Allgemeine Geschäftsbedingungen

für die Lieferung von Folie und Leistungen an Unternehmer ("AGB")
Stand: Januar 2012

1.     Geltungsbereich

 

1.1 Die AGB gelten nur für Lieferungen von Folien und Leistungen, einschließlich der Erbringung von Applikationsleistungen für fertig dekorierte Teile ("Lieferungen"), die wir auf Grund eines Vertrages zwischen uns und einem Unternehmer ("Kunde") erbringen.

 

1.2 Von diesen AGB abweichende Bedingungen gelten nicht, es sei denn, wir haben diese in unserem Angebot ausdrücklich festgelegt.

 


2.     Angebot

 

2.1 Angaben über die Beschaffenheit unserer Lieferungen ergeben sich ausschließlich und abschließend aus der jeweiligen Technischen Spezifikation ("TS").

 

2.2 An zum Angebot gehörenden Unterlagen, wie z.B. Abbildungen, Zeichnungen, Plänen, Konstruktionsunterlagen, etc., behalten wir uns die Eigentums- und Urheberrechte vor.

 

2.3 Vorleistungen, die wir im Rahmen eines Angebotes auf Wunsch des Kunden erbringen (z.B. Stempel, Werkstückaufnahmen, etc.) stellen wir in Rechnung, auch wenn es nicht zu einem Vertrag kommt.

 

2.4 An Angebote halten wir uns 45 Kalendertage, gerechnet ab Angebotsdatum, gebunden.

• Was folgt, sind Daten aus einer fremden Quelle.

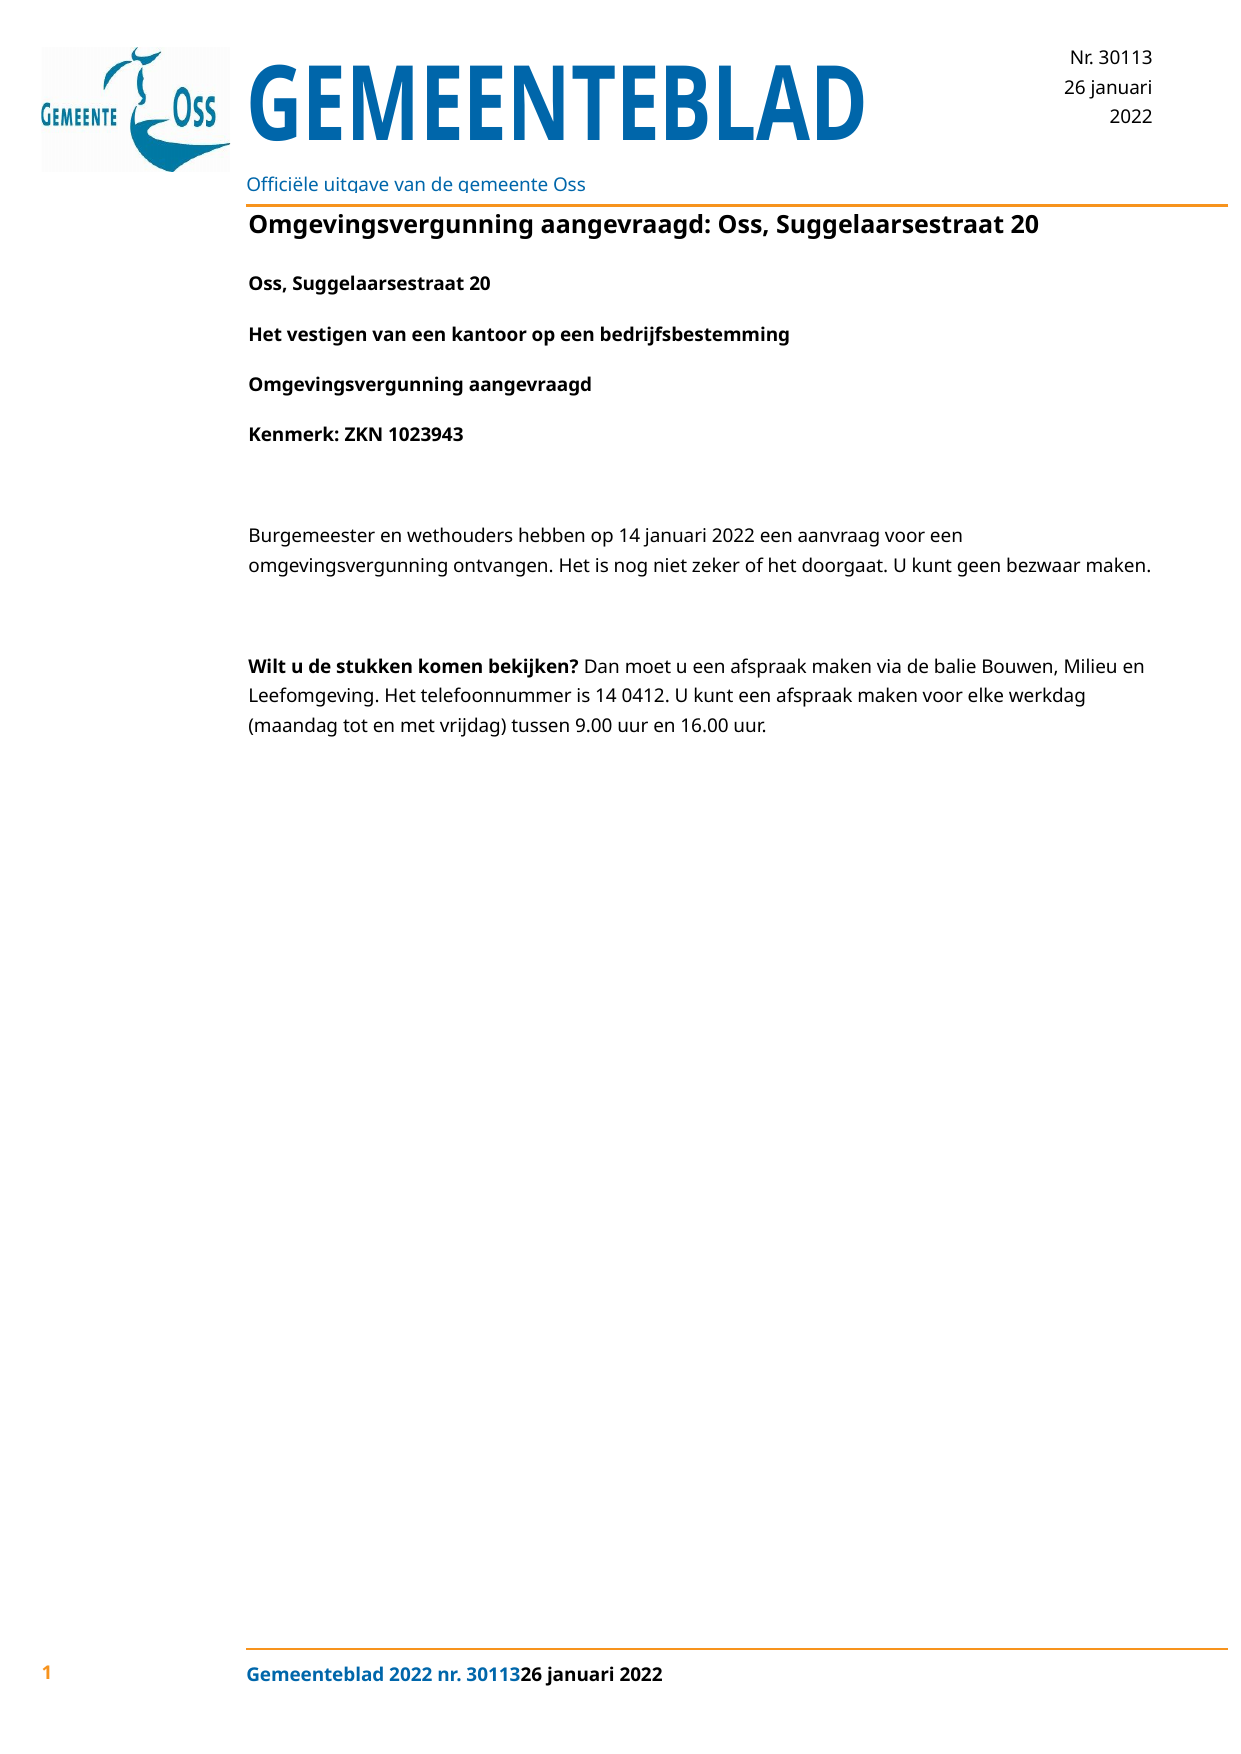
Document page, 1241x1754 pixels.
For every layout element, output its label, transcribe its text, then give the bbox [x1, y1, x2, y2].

3.     Lieferbedingungen, Gefahrübergang

 

3.1 Preise gelten (EXW) Ab Werk (Deutschland) Incoterms® 2010 ("Erfüllungsort") zuzüglich Verpackung.

 

3.2 Preise sind Netto-Preise in EUR, zuzüglich der zum Zeitpunkt der Lieferungen gültigen gesetzlichen Umsatzsteuer ohne weitere Abzüge.

 

3.3 Wir behalten uns vor, für Lieferungen unter EUR 250,00 Nettopreis einen pauschalen Mindermengenzuschlag in Höhe von EUR 30,00 zu berechnen.

 

3.4 Teillieferungen sind zulässig, soweit sie dem Kunden zumutbar sind.

 

3.5 Der Gefahrübergang auf den Kunden erfolgt mit Bereitstellung der Lieferungen am Erfüllungsort. Dies gilt auch bei Lieferungen frei Haus oder wenn die Lieferungen versandt oder abgeholt werden.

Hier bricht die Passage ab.